We sit down with Steven Heller to discuss the designer’s role in society and his perspective on different forms of design.

Steven Heller is a name that requires no introduction within the design world. The prolific art director is right up there with fellow godfathers of design, Seymour Chwast and Milton Glaser. At the School of Visual Arts in New York, his corner office is an ode to decades in the industry. Wide shelves sardined with a mix of his and other reputable books, catalogues, and publications, in addition to the miniature retail collectables occupying every available surface, reflect a life dedicated to design.

Art director, journalist, critic, editor, lecturer and author of more than 150 books on graphic design and popular culture themes, Heller is more than well-versed on design matters. His take on the industry, where it comes from, and where it’s going, is something worth paying attention to and sharing.

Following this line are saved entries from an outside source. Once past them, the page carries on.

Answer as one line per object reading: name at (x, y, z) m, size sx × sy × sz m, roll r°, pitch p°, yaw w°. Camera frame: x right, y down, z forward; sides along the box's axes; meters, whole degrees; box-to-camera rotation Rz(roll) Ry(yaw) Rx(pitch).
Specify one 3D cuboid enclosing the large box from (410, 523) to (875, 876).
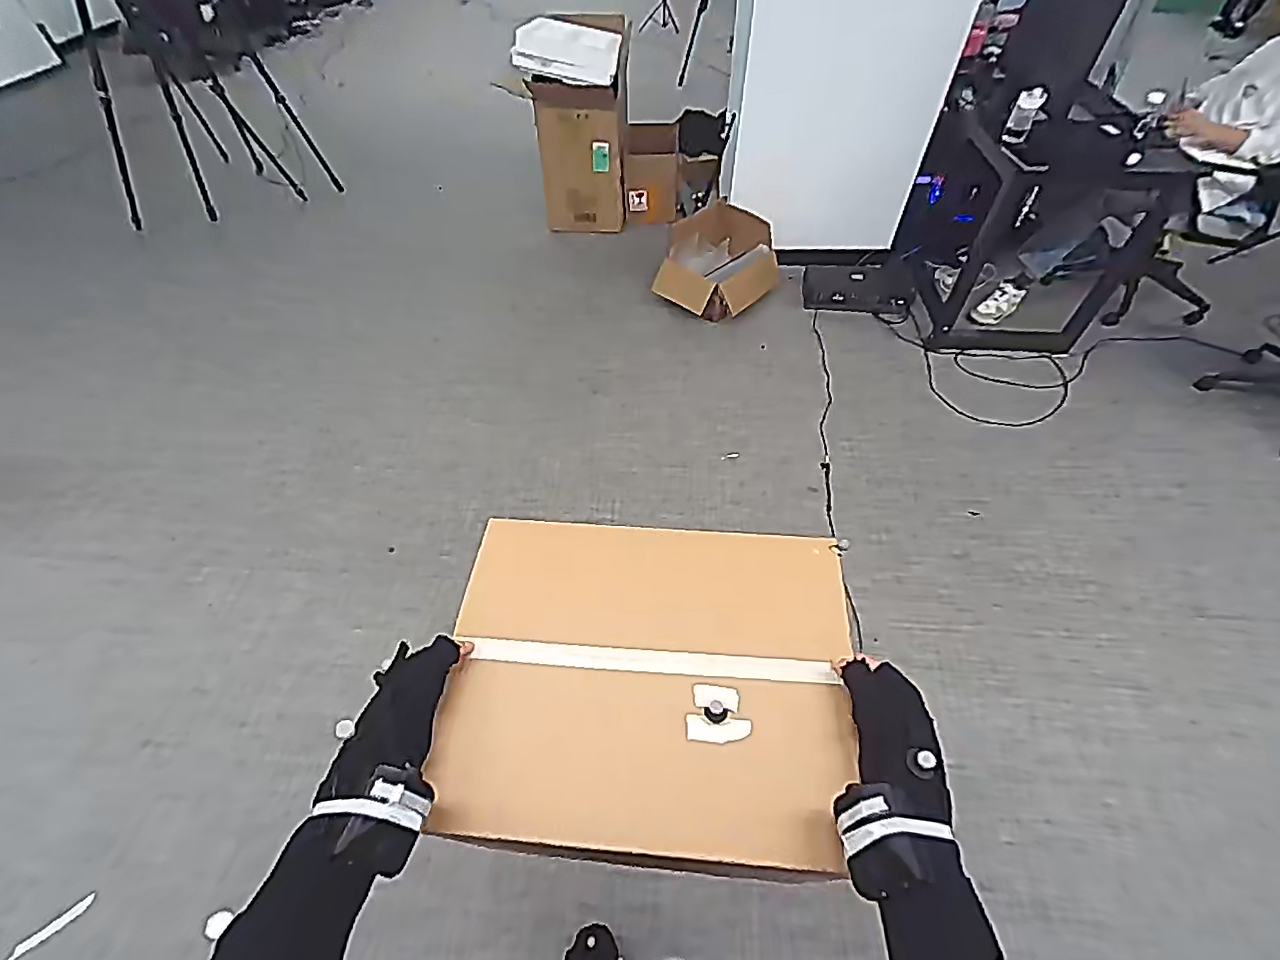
large box at (0.009, 0.273, 0.661) m, size 0.408 × 0.320 × 0.320 m, roll 4°, pitch 53°, yaw 4°
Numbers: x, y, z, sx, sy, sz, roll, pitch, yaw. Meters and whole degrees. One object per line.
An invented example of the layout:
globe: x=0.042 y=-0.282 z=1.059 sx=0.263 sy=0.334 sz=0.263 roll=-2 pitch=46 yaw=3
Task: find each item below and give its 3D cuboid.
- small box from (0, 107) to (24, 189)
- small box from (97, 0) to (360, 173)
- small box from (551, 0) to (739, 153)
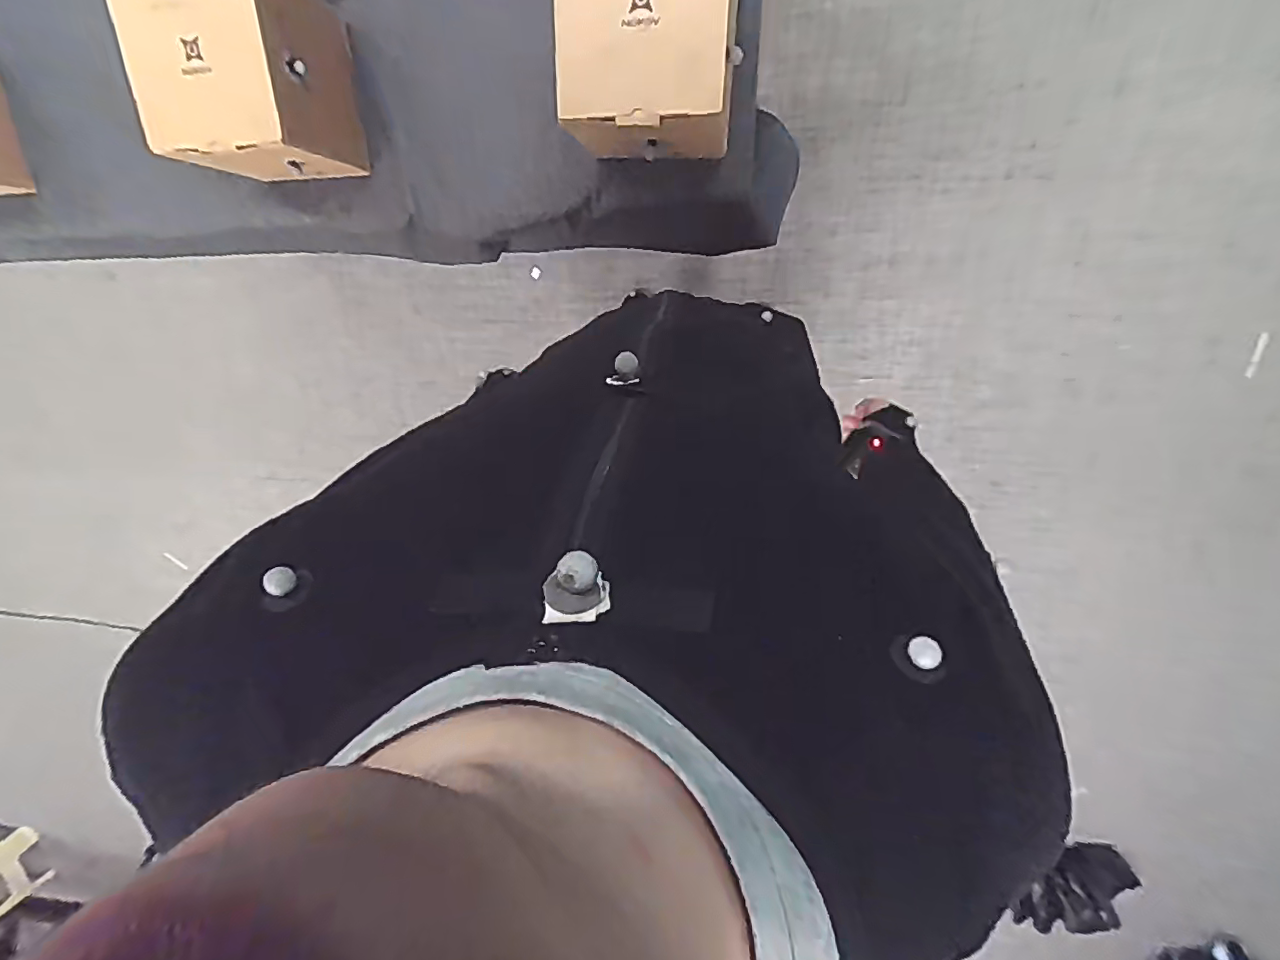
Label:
small box: x=-0.974 y=-0.482 z=0.687 sx=0.168 sy=0.176 sz=0.179 roll=2 pitch=110 yaw=7
small box: x=-0.455 y=-0.468 z=0.625 sx=0.168 sy=0.176 sz=0.179 roll=1 pitch=108 yaw=6
small box: x=0.013 y=-0.453 z=0.559 sx=0.168 sy=0.176 sz=0.179 roll=5 pitch=110 yaw=9
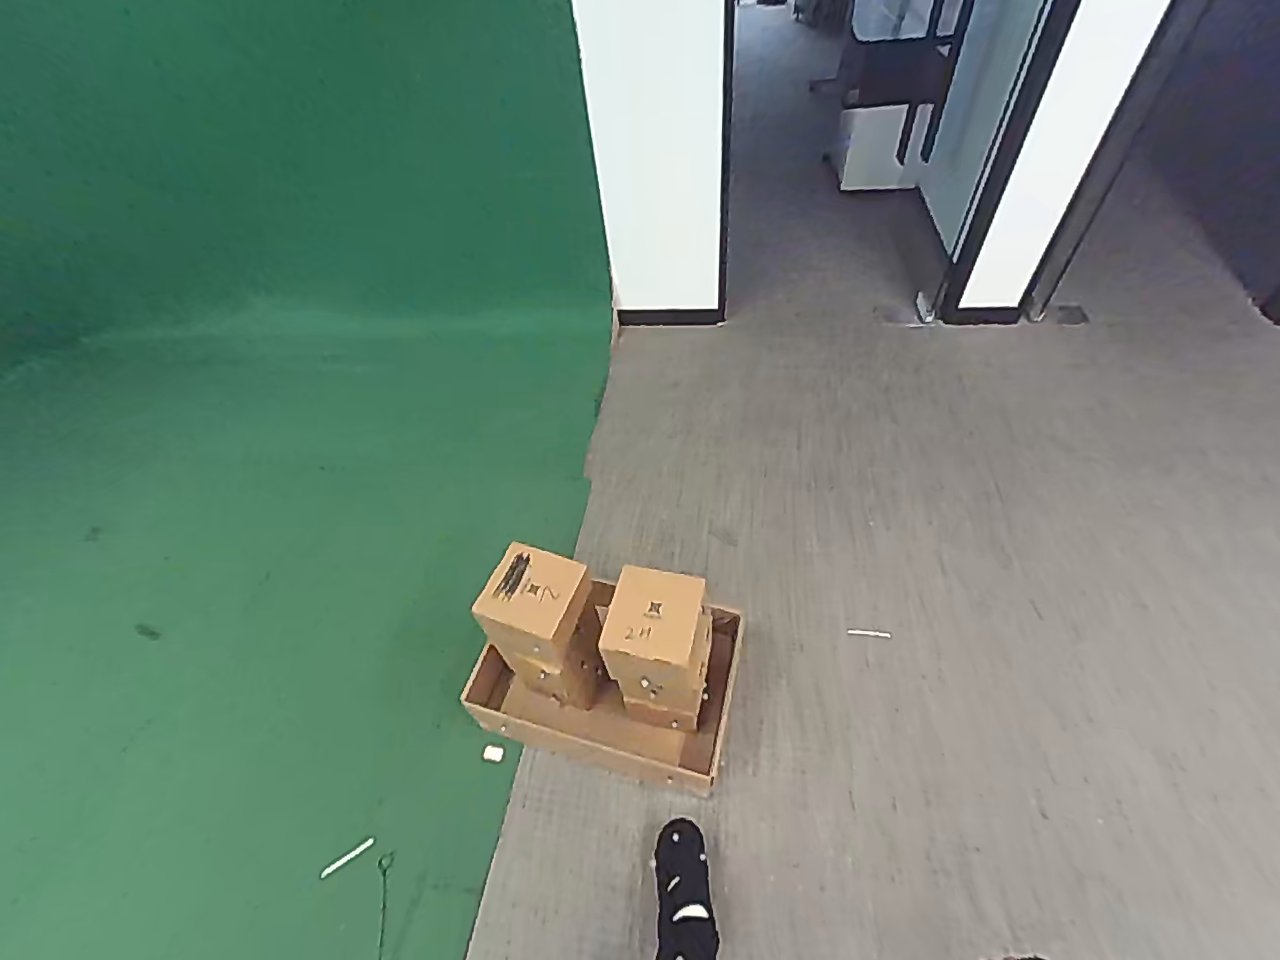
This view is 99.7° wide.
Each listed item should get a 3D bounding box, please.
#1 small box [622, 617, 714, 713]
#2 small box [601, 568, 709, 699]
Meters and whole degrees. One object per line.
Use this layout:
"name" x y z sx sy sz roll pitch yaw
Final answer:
"small box" 0.065 0.396 1.188 0.179 0.176 0.168 7 52 15
"small box" 0.038 0.300 1.056 0.168 0.176 0.179 8 53 15
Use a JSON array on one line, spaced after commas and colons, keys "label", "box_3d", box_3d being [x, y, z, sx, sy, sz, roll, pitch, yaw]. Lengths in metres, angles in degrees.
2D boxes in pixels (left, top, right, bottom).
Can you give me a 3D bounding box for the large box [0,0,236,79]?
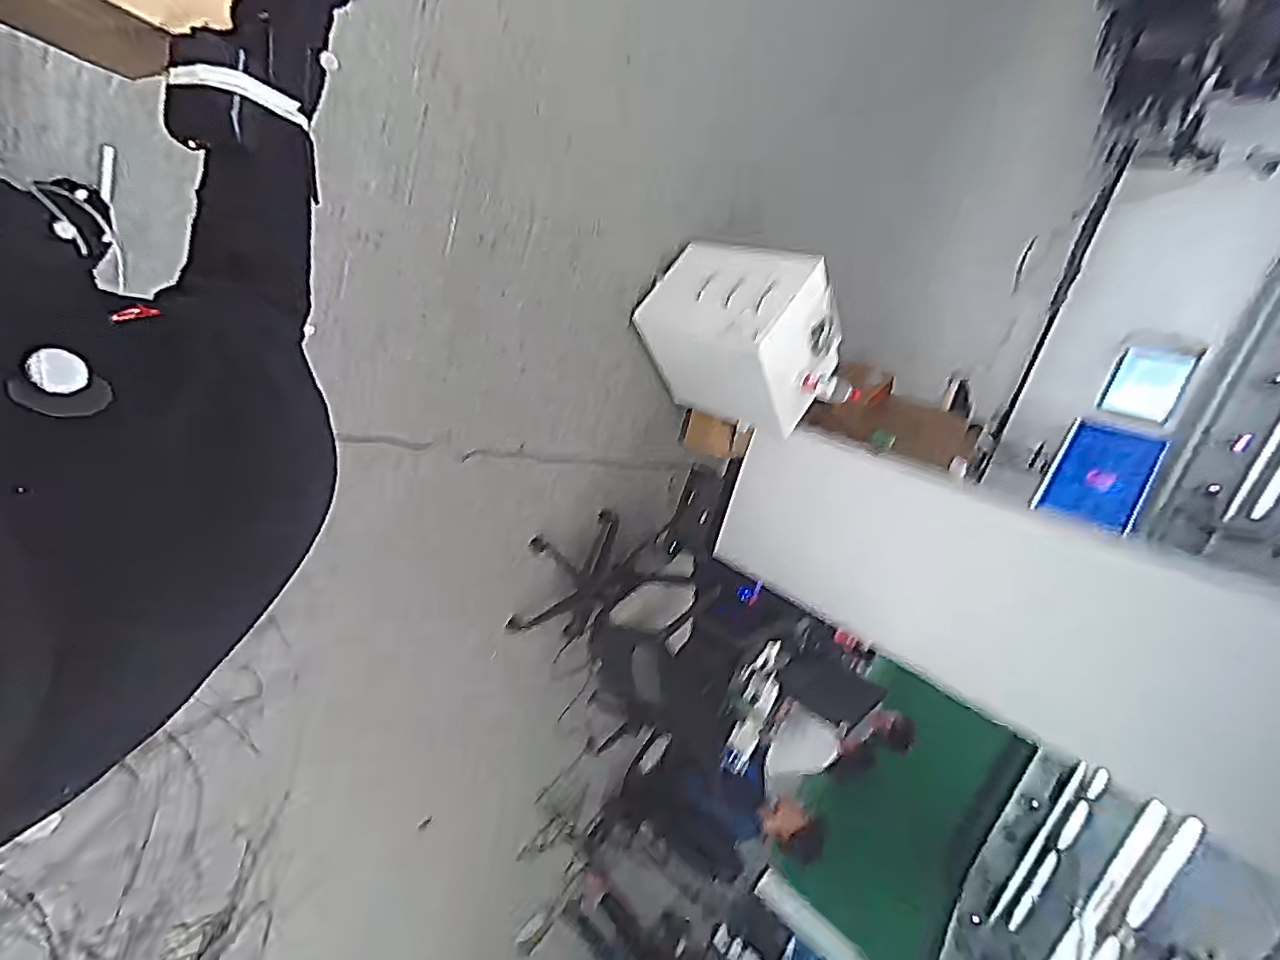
[{"label": "large box", "box_3d": [-0.494, -0.503, 0.293, 0.408, 0.320, 0.320, 1, 111, -55]}]
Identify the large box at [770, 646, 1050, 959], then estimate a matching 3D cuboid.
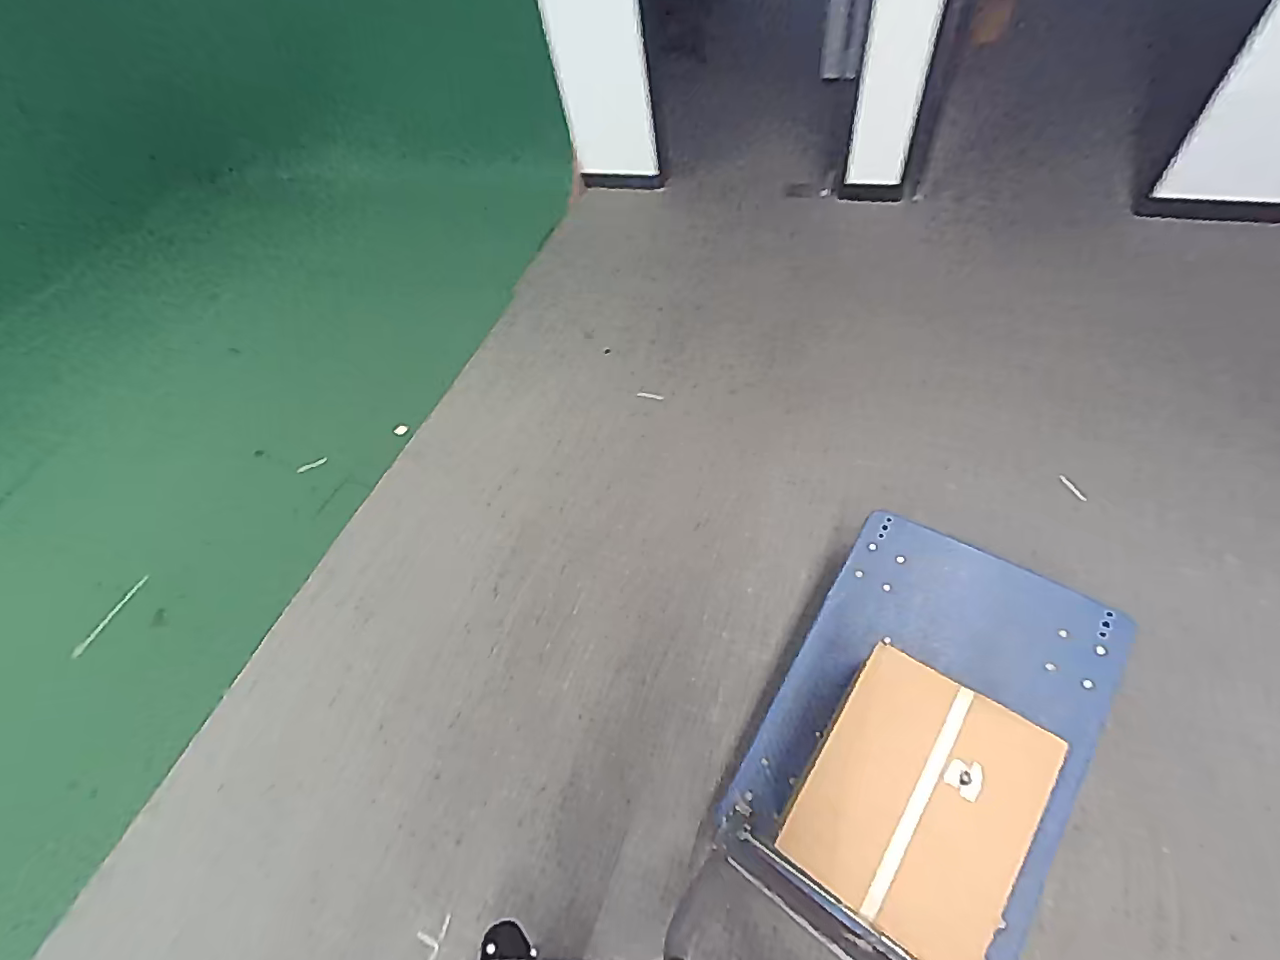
[{"bbox_3d":[0.484,0.598,1.032,0.320,0.320,0.408,29,74,25],"label":"large box"}]
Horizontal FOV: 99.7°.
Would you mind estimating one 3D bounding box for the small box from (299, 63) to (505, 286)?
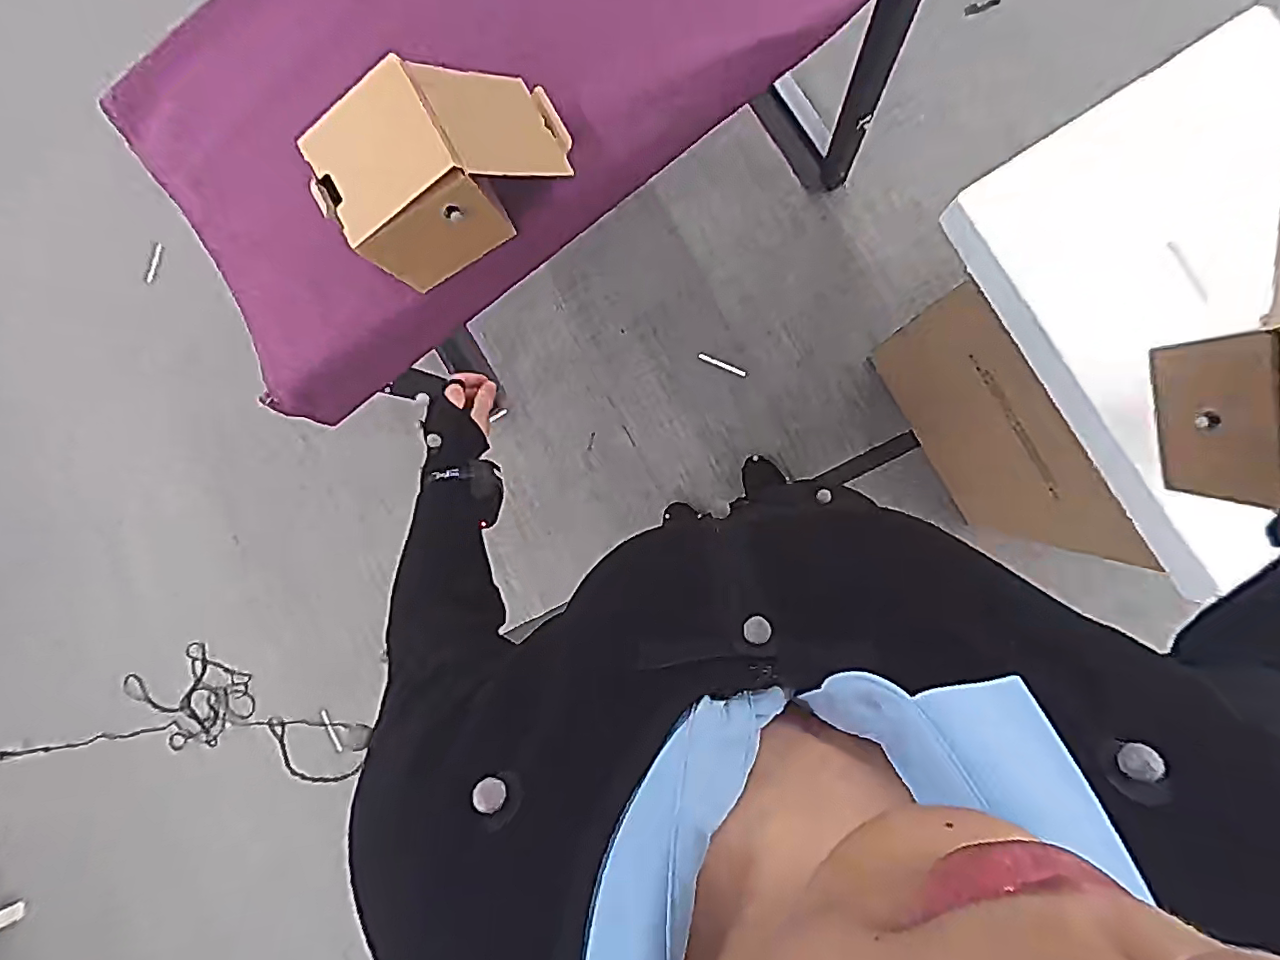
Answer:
[{"bbox_3d":[-0.310,-0.404,0.749,0.179,0.176,0.168,-29,86,8],"label":"small box"}]
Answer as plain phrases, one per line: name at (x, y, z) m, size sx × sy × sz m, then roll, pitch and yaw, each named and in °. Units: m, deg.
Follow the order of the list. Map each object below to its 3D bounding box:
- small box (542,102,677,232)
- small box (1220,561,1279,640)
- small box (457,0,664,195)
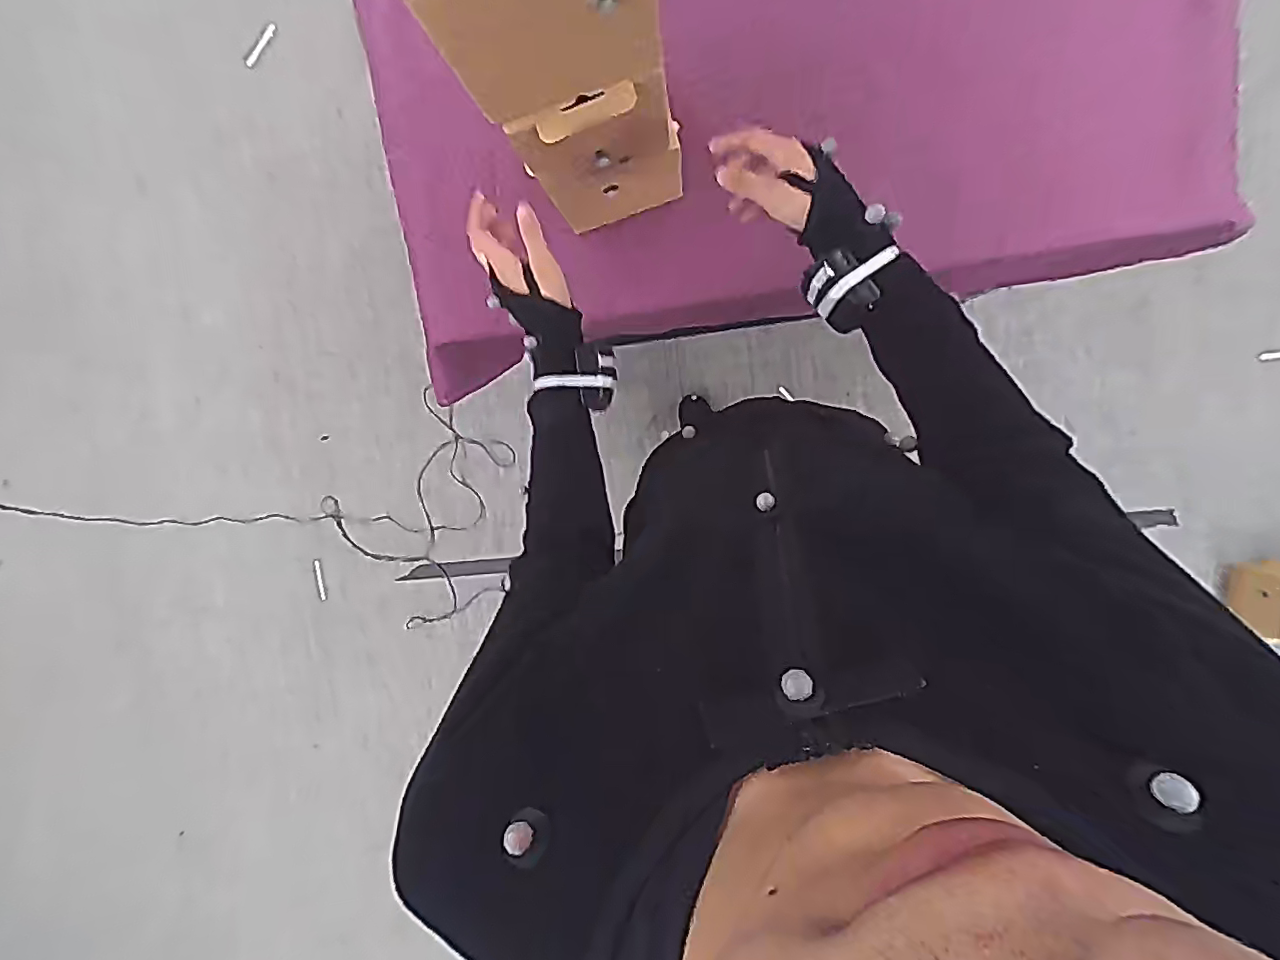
small box at (-0.053, -0.472, 0.751) m, size 0.179 × 0.176 × 0.168 m, roll -17°, pitch 97°, yaw 7°
small box at (1.719, 0.317, 1.440) m, size 0.179 × 0.176 × 0.168 m, roll -2°, pitch 99°, yaw 6°
small box at (-0.078, -0.452, 0.589) m, size 0.168 × 0.176 × 0.179 m, roll -18°, pitch 96°, yaw 8°

“A designer’s role in society is whatever a human being’s role in society is,” says Heller at the beginning of the interview. “They have a function and the function is to make things clear and convey messages – sometimes they entertain, sometimes they just illuminate, sometimes they are activists and advocates.”

Heller goes on to elaborate on how he found his place in the industry as an art director. He describes himself as an orchestrator of sorts, who had to navigate the fundamental similarities and differences between multiple disciplines, such as the distinction between visual and verbal art.

For Heller, there are two questions that should be considered when looking at any piece of design work:

“I think graphic design of today will be like graphic of yesterday. It’s going to be looked at (if looked at, at all,) as what was it influenced by and what did it influence.”